Section 4 of the Executive Order directs the National Institute of Standards and Technology (NIST) to initiate two labelling programs: one to take into account existing labelling programs on cybersecurity capabilities of Internet-of-Things (IoT) consumer devices and one on software development practices. NIST also is to consider ways to incentivize manufacturers and developers to participate in these programs. (The agency also received several other directives to enhance the security of the software supply chain.)
In August, NIST released a white paper for public comment recommending a draft set of potential baseline security criteria for IoT devices.

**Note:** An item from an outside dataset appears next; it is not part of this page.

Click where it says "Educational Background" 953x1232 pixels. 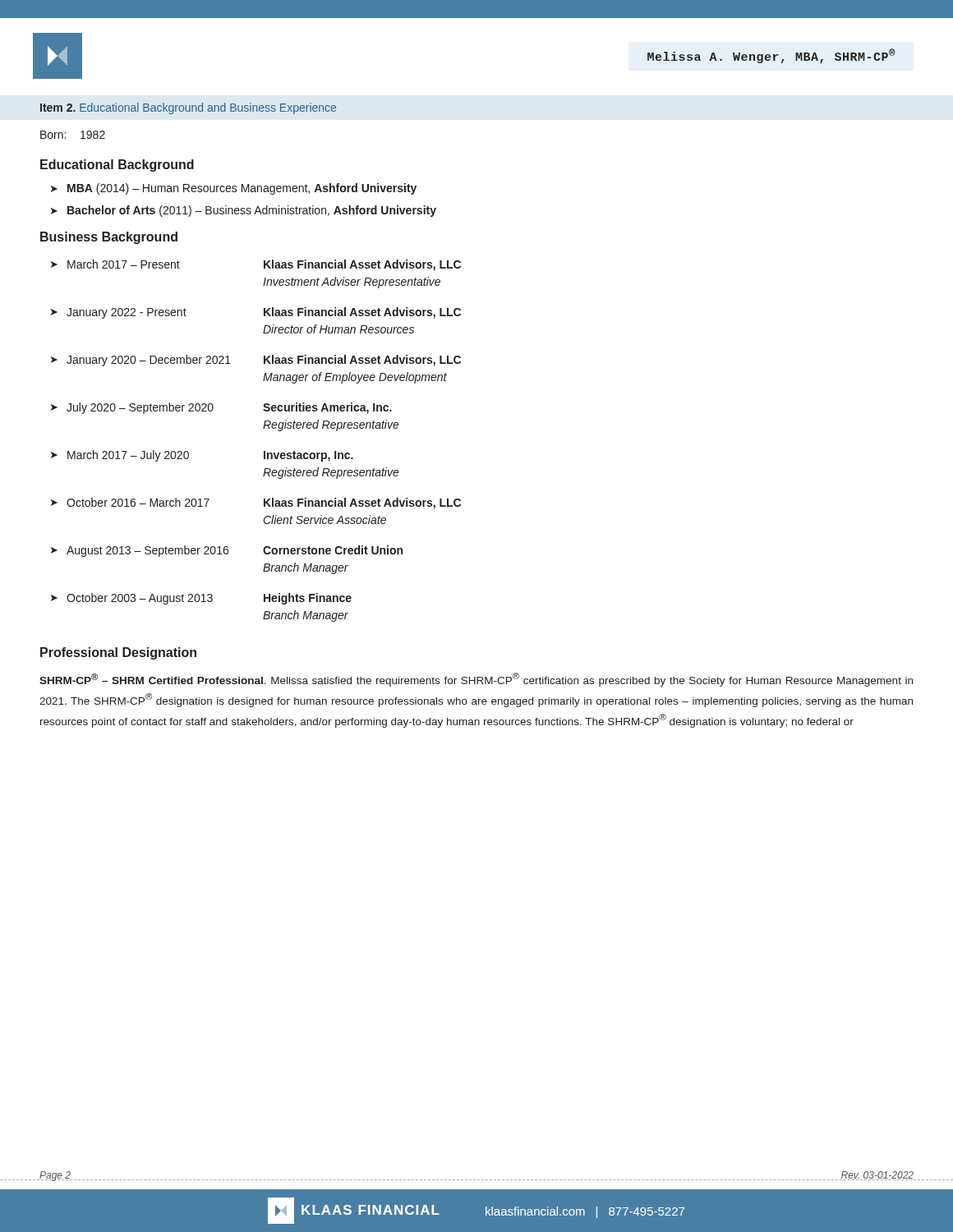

On 2 December 2021, taking public feedback into account, NIST released a further discussion paper “Consumer Cybersecurity Labelling for IoT Products: Discussion Draft on the Path Forward”. It has identified three key elements that could provide the foundation for an approach to a cybersecurity label for consumer IoT devices:
- What cybersecurity capabilities the product must demonstrate (Product Criteria)
- How the information is provided (Labelling Recommendations)
- How there can be confidence in the label (Conformity Assessment)
These three elements combined form a labelling approach that provides information to consumers with appropriate assurance.
This latest discussion draft can be downloaded from: https://www.nist.gov/system/files/documents/2021/12/03/FINAL_Consumer_IoT_Label_Discussion_Paper_20211202.pdf.
NIST is to publish details about the IoT cybersecurity criteria for a consumer labelling program (and the secure software development practices) by February 6, 2022.
IoTAC will assess the requirements defined in these documents and will adopt solutions and technologies, which will let the IoTAC modules comply with the new regulations.